Support Site for The Unemployed & Underemployed
Tuesday June 18th 2013

Lynn Chen shared her thoughts on sexuality and other taboo issues

Lynn Chen, a 32-year-old social entrepreneur, is here again to share her views on sexuality and her own recent unwed pregnancy. Marriage is on the cards though and we wish the couple all  the best ahead. Lynn also maintains a blog at therealcarepeople.

Transitioning: Hi Lynn nice to have you on board again, I have heard that you are currently pregnant, want to tell us more about how it happens? 

Lynn: Hello… Yes I’m pregnant and it happened the usual way you end up pregnant. 

Transitioning: Was it a planned one or it just happened? Is marriage on the cards then with Mr Right finally or you want to be a single mum?

Lynn: It wasn’t planned. Yes, marriage is in the pipeline.

Being a single mum takes too much guts. You have to be emotionally and psychologically very prepared – for your kid and for what you have to counter from society’s prejudices. I don’t think I am up for it. I salute women who have such courage. 

Transitioning: How did your parents react when you inform them of the news since we are still quite a conservative country?

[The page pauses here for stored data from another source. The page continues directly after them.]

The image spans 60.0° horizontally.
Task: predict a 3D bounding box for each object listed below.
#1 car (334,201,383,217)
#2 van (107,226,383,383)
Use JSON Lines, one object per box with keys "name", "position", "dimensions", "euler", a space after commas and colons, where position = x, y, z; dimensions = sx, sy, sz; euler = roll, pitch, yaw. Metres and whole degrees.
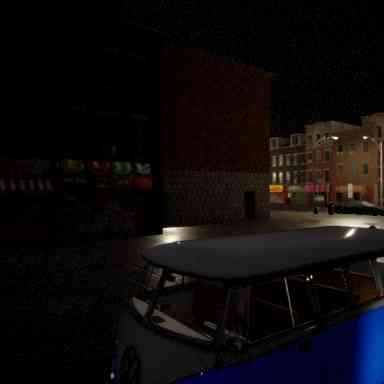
{"name": "car", "position": [15.866, 1.552, 31.431], "dimensions": [2.033, 1.411, 5.357], "euler": [0, 0, -35]}
{"name": "van", "position": [1.124, 1.341, 3.624], "dimensions": [3.998, 1.788, 1.690], "euler": [0, 0, -36]}
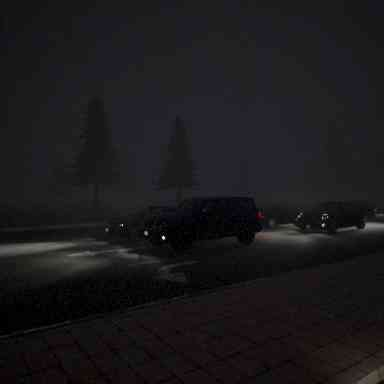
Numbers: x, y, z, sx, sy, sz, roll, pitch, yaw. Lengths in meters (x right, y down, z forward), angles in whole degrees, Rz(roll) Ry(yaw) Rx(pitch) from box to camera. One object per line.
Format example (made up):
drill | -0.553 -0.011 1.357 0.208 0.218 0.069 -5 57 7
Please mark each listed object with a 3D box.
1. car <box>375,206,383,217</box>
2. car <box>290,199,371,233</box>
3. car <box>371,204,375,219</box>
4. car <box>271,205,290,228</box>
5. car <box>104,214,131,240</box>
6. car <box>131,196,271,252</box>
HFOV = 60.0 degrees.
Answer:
car | 16.665 1.464 25.665 4.902 1.511 2.128 0 0 -35
car | 8.252 1.335 19.685 4.553 1.767 2.097 0 0 -35
car | 13.394 1.466 27.634 4.902 1.511 2.128 0 0 -35
car | 5.350 1.548 21.921 4.181 1.385 1.994 0 0 -36
car | -1.911 1.484 16.739 4.902 1.511 2.128 0 0 -35
car | 0.537 1.213 14.195 5.566 2.045 2.150 0 0 -34
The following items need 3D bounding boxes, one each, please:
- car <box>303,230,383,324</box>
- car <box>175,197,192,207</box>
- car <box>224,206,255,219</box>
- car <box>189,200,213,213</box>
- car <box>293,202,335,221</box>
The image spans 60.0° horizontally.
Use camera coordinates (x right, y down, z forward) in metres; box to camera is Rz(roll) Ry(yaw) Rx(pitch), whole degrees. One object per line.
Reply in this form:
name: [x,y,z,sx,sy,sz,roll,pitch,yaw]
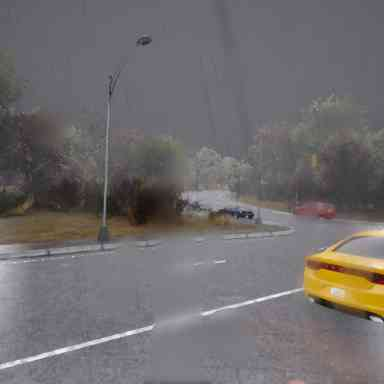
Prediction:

Lynn: My mom values the conservative Asian family ideal but dad is less so, in the sense of inculcating me with an independent attitude. Unlike the usual Chinese family, he has a very creative type of parenting method. But that does not mean he is definitely supportive of my choice of a ‘baby-then-wed’ style.

Surprisingly mom is openly more accepting of it. I reckon it’s because she knows a marriage is coming along as part of the package and this is probably the only way I will actually wed! In fact this baby has sped up the reconciliation of my parents and me. Relations between us have been rather nasty the past a year and half as you’ve heard/read. So all is good.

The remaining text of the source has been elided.